Establish how many lines in the material include the string "object" and report it as a lone number.

Data records Start Marker

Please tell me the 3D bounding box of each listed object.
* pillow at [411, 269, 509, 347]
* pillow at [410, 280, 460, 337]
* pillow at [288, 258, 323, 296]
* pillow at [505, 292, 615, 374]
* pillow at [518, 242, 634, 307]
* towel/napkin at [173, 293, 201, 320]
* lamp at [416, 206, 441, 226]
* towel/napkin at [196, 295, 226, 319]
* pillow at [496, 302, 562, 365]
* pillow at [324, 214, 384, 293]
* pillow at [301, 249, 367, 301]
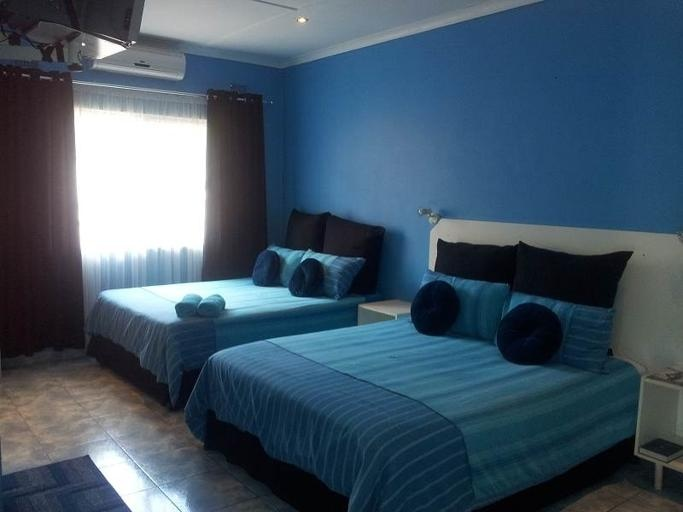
[{"bbox_3d":[0.944,0.370,3.534,0.544,0.415,0.152,9,-7,43],"label":"pillow"},{"bbox_3d":[0.688,0.395,3.667,0.380,0.376,0.125,7,-12,-33],"label":"pillow"},{"bbox_3d":[-0.342,0.213,4.680,0.319,0.330,0.109,-15,-23,35],"label":"pillow"},{"bbox_3d":[1.472,0.547,3.368,0.257,0.473,0.696,11,-9,-25],"label":"pillow"},{"bbox_3d":[1.584,0.141,3.298,0.382,0.264,0.137,11,-26,44],"label":"pillow"},{"bbox_3d":[-1.215,0.353,3.926,0.144,0.100,0.285,0,6,-8],"label":"towel/napkin"},{"bbox_3d":[0.773,-0.358,4.416,0.073,0.134,0.182,-20,57,-44],"label":"lamp"},{"bbox_3d":[-1.056,0.408,3.962,0.125,0.096,0.253,-1,7,2],"label":"towel/napkin"},{"bbox_3d":[1.183,0.525,3.214,0.400,0.404,0.130,13,8,-13],"label":"pillow"},{"bbox_3d":[0.081,-0.097,5.022,0.624,0.546,0.239,19,12,22],"label":"pillow"},{"bbox_3d":[-0.004,0.118,4.943,0.692,0.203,0.677,1,18,-34],"label":"pillow"}]
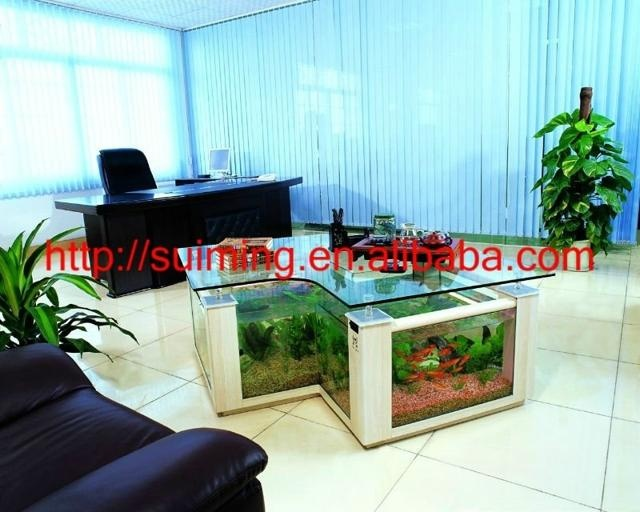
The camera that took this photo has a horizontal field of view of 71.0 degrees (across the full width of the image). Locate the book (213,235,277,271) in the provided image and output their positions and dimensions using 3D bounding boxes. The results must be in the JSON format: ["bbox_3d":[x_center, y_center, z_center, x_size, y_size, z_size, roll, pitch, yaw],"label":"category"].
[{"bbox_3d":[-0.408,-0.012,2.503,0.216,0.082,0.218,-5,17,-14],"label":"book"}]

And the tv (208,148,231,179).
[{"bbox_3d":[-1.562,-1.429,7.003,0.315,0.464,1.054,-6,15,-12],"label":"tv"}]

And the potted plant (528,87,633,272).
[{"bbox_3d":[2.639,-0.779,4.544,1.032,1.758,0.879,-16,19,-42],"label":"potted plant"}]

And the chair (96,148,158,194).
[{"bbox_3d":[-2.263,-1.023,5.371,0.502,0.752,0.667,-15,24,-40],"label":"chair"}]

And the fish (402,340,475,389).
[{"bbox_3d":[0.576,0.519,2.215,0.274,0.134,0.242,-13,-2,23],"label":"fish"}]

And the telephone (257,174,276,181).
[{"bbox_3d":[-0.715,-1.050,6.060,0.222,0.071,0.176,-1,14,-12],"label":"telephone"}]
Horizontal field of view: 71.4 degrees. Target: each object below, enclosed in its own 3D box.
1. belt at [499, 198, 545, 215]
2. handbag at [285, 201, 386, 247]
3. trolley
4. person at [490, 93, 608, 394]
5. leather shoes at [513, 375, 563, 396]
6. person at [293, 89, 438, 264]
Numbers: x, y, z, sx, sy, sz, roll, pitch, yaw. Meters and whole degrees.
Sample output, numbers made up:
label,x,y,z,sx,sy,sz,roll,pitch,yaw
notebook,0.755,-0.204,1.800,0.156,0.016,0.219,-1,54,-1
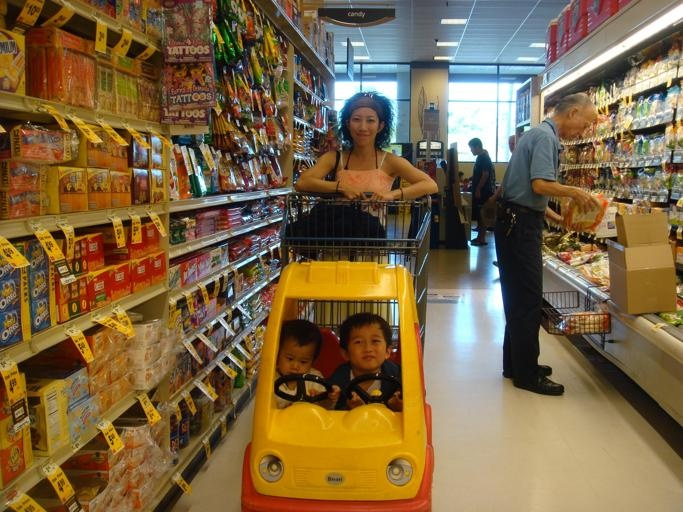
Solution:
label,x,y,z,sx,sy,sz,roll,pitch,yaw
belt,1.308,-0.355,3.465,0.308,0.103,0.124,5,10,28
handbag,-0.049,-0.153,2.373,0.383,0.256,0.150,-5,-22,22
trolley,0.176,0.131,2.624,0.924,1.069,0.609,4,0,6
person,1.491,-0.102,3.544,0.657,2.144,0.496,3,9,19
leather shoes,1.472,0.955,3.525,0.295,0.134,0.129,1,6,18
person,0.078,-0.438,2.728,0.567,1.202,0.723,2,-5,44
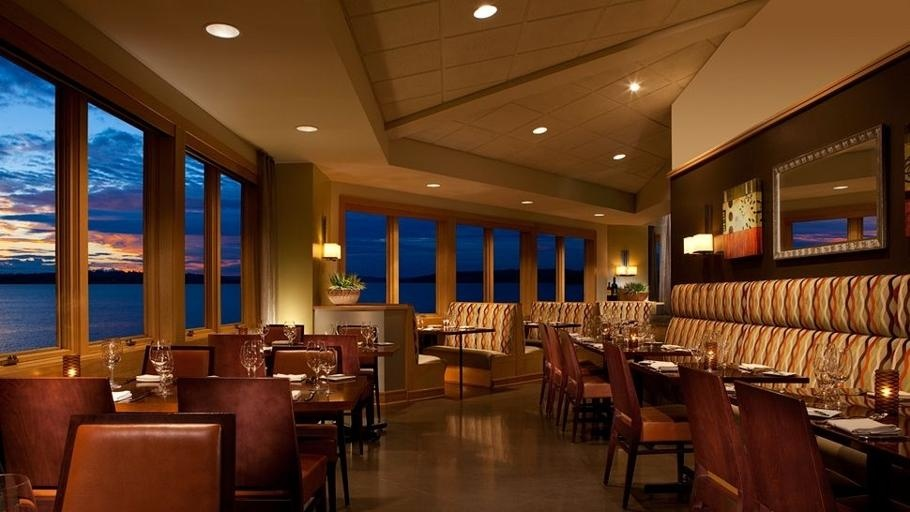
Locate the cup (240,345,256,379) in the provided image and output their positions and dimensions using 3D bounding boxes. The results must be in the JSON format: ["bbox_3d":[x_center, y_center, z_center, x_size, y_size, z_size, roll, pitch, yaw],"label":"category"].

Data records End Marker

## Answer to the exercise:
2